Prise de conscience après le drame du Heysel
En Belgique, au début des années 1980, chaque club important du pays dispose de son «noyau dur», composé des supporters violents. La police doit faire face à une guerre des sides, chaque violence étant prétexte à une revanche elle-même suivie d’une contre revanche et ainsi de suite. Les événements dramatiques du Heysel en 1985, bien que n’impliquant pas du tout les supporters belges, créent un traumatisme populaire et occasionnent une prise de conscience chez de nombreux acteurs de la nécessité d’une spécificité normative. Celle-ci voit le jour dans une série de textes européens mais prendra plus de dix ans à se concrétiser en Belgique. C’est en effet l’attribution conjointe de l’organisation de l’Euro 2000 à la Belgique et aux Pays-Bas qui conduira à une réflexion en profondeur sur la sécurité autour des matches de football. La Belgique saisit alors l’occasion de la proximité d’un grand tournoi international pour se doter d’une législation nouvelle en la matière. C’est ainsi qu’apparaît la «loi football» en décembre 1998.
La loi football et ses répercussions
La loi donne au SPF Intérieur un instrument spécifique pour lutter contre les violences verbales, les provocations, les incitations à la haine, l’utilisation d’engins pyrotechniques, la pénétration dans le stade sans ticket valide, etc. Les contrevenants peuvent alors faire l’objet de sanctions administratives : une amende et/ou une interdiction de stade.

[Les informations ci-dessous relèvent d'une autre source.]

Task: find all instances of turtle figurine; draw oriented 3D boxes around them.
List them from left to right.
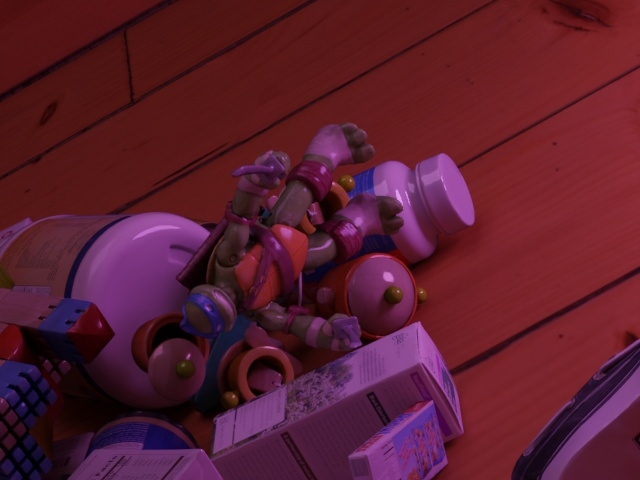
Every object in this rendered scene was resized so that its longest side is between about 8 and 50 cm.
[{"bbox_3d":[0.000,0.000,1.844,0.266,0.198,0.274,-46,-3,-40],"label":"turtle figurine"}]

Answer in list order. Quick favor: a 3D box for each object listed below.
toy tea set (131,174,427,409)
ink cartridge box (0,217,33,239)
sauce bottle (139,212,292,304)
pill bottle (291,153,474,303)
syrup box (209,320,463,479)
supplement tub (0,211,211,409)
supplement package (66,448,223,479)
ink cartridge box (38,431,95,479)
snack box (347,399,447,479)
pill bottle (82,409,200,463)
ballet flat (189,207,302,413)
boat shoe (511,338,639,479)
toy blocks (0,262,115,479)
[{"bbox_3d":[-0.038,0.076,1.970,0.336,0.200,0.124,-41,16,-24],"label":"toy tea set"},{"bbox_3d":[-0.516,0.123,2.568,0.307,0.129,0.223,-26,22,13],"label":"ink cartridge box"},{"bbox_3d":[-0.147,0.028,2.321,0.111,0.111,0.344,-40,23,-22],"label":"sauce bottle"},{"bbox_3d":[0.060,-0.019,2.142,0.221,0.124,0.124,-23,23,21],"label":"pill bottle"},{"bbox_3d":[0.016,0.182,1.808,0.237,0.096,0.093,-25,21,10],"label":"syrup box"},{"bbox_3d":[-0.267,0.081,2.209,0.228,0.228,0.316,-44,25,-30],"label":"supplement tub"},{"bbox_3d":[-0.131,0.329,1.462,0.145,0.262,0.204,-7,32,46],"label":"supplement package"},{"bbox_3d":[-0.311,0.298,1.944,0.148,0.086,0.203,-15,20,11],"label":"ink cartridge box"},{"bbox_3d":[0.072,0.198,1.662,0.022,0.064,0.178,-12,6,24],"label":"snack box"},{"bbox_3d":[-0.192,0.276,1.839,0.123,0.123,0.219,-24,24,17],"label":"pill bottle"},{"bbox_3d":[-0.071,0.086,2.072,0.083,0.087,0.247,28,-100,-76],"label":"ballet flat"},{"bbox_3d":[0.288,0.128,1.579,0.301,0.108,0.102,-43,26,-11],"label":"boat shoe"},{"bbox_3d":[-0.373,0.185,1.942,0.261,0.190,0.381,6,46,44],"label":"toy blocks"}]
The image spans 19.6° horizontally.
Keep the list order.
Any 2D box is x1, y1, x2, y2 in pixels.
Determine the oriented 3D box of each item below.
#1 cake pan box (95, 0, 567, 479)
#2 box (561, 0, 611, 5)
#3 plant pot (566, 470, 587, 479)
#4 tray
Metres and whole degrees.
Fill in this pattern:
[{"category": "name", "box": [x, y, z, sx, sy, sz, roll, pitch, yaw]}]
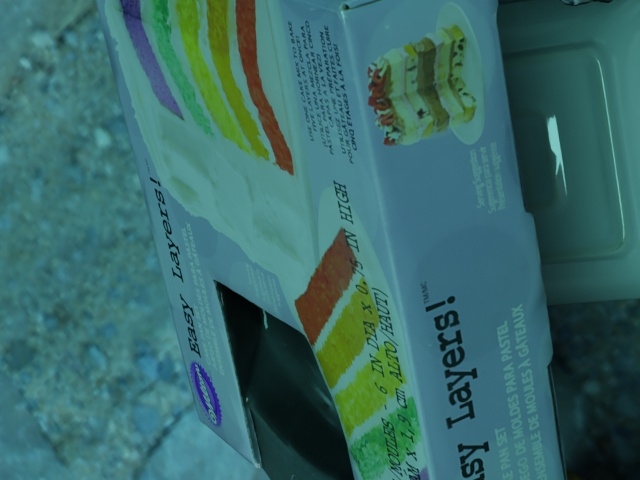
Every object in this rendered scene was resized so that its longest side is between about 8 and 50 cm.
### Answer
[{"category": "cake pan box", "box": [0.000, 0.000, 0.769, 0.245, 0.070, 0.267, 32, 138, 58]}, {"category": "box", "box": [0.073, -0.332, 0.714, 0.293, 0.212, 0.396, 28, 111, 18]}, {"category": "plant pot", "box": [0.141, 0.235, 0.809, 0.188, 0.205, 0.205, 29, 111, 1]}, {"category": "tray", "box": [0.040, -0.032, 0.887, 0.270, 0.030, 0.145, -6, 98, 26]}]
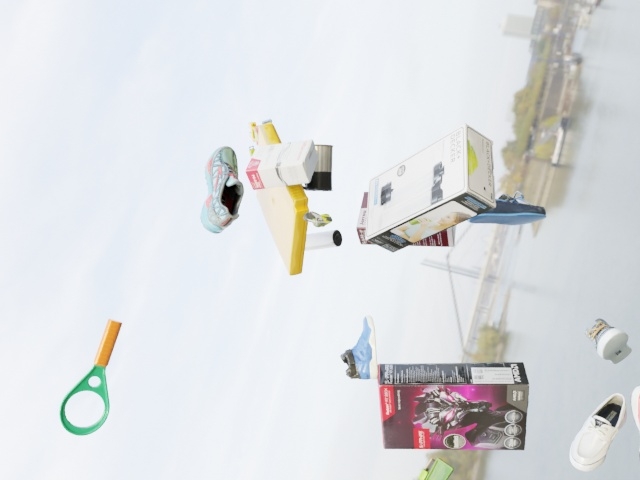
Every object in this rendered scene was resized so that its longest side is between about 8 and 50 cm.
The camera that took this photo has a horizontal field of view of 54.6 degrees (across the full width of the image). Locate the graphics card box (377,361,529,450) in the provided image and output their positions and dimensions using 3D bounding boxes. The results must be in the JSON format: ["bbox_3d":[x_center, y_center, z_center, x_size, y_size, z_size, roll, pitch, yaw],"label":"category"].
[{"bbox_3d":[0.335,0.427,1.591,0.094,0.371,0.232,-79,-15,-60],"label":"graphics card box"}]

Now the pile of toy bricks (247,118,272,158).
[{"bbox_3d":[-0.150,-0.268,1.910,0.118,0.105,0.212,-23,-47,-22],"label":"pile of toy bricks"}]

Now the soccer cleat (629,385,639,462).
[{"bbox_3d":[0.976,0.575,1.762,0.116,0.109,0.318,159,103,-66],"label":"soccer cleat"}]

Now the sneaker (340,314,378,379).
[{"bbox_3d":[0.086,0.246,1.433,0.058,0.085,0.152,81,-173,-67],"label":"sneaker"}]

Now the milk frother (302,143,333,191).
[{"bbox_3d":[-0.030,-0.208,1.770,0.143,0.129,0.134,-32,-57,-82],"label":"milk frother"}]

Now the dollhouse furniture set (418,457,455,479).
[{"bbox_3d":[0.253,0.484,1.261,0.058,0.076,0.151,-55,-35,-8],"label":"dollhouse furniture set"}]

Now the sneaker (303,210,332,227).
[{"bbox_3d":[-0.009,-0.045,1.464,0.083,0.031,0.035,7,-42,-40],"label":"sneaker"}]

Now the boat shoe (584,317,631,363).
[{"bbox_3d":[0.568,0.194,1.250,0.065,0.083,0.183,-43,-36,8],"label":"boat shoe"}]

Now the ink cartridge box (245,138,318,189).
[{"bbox_3d":[-0.090,-0.183,1.492,0.109,0.151,0.063,-73,-29,-48],"label":"ink cartridge box"}]

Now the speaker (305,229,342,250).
[{"bbox_3d":[0.000,0.000,1.935,0.055,0.136,0.055,15,-109,-52],"label":"speaker"}]

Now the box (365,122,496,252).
[{"bbox_3d":[0.226,-0.103,1.311,0.087,0.290,0.169,25,-122,-31],"label":"box"}]

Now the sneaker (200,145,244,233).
[{"bbox_3d":[-0.245,-0.149,1.688,0.104,0.125,0.261,21,-120,-40],"label":"sneaker"}]

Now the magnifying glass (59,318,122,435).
[{"bbox_3d":[-0.442,0.268,1.220,0.026,0.092,0.230,4,75,71],"label":"magnifying glass"}]

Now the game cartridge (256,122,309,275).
[{"bbox_3d":[-0.106,-0.111,1.693,0.285,0.053,0.323,99,152,-49],"label":"game cartridge"}]

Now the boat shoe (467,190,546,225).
[{"bbox_3d":[0.541,-0.101,1.797,0.109,0.259,0.088,137,133,-60],"label":"boat shoe"}]

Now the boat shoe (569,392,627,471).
[{"bbox_3d":[0.769,0.522,1.717,0.258,0.095,0.084,-40,-47,-34],"label":"boat shoe"}]

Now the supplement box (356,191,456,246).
[{"bbox_3d":[0.221,-0.056,1.568,0.073,0.240,0.130,69,-152,-49],"label":"supplement box"}]

Dans un mouvement vers une coproduction de la sécurité, la loi football et ses modifications ultérieures mettent également l’accent sur la responsabilisation des clubs en tant qu’organisateurs de matches de football. Les clubs ne peuvent plus, par conséquent, échapper à certaines obligations en matière de sécurité, la plus visible consistant en l’engagement de stewards.
De l’avis de tous les observateurs, confirmé par les statistiques, c’est cette loi football et quelques réglementations complémentaires – comme l’imposition aux supporters visiteurs de voyager en car escorté par la police à l’approche du stade visité – qui ont conduit à une réduction sensible du nombre d’incidents. Les matches à haut risque actuels mobilisent beaucoup moins de policiers qu’il y a dix ou vingt ans, et l’échauffement des esprits après les rencontres aurait bien d’autres conséquences sans le travail accompli depuis dix ans. Les problèmes de sécurité des matches de football existent toujours mais les formes ont là encore évolué (1).
Bertrand Fincoeur
(1) Cet article sera complété prochainement d’autres informations plus détaillées sur le sujet. Il n’a pour objectif que d’introduire le sujet et à le contextualiser un minimum.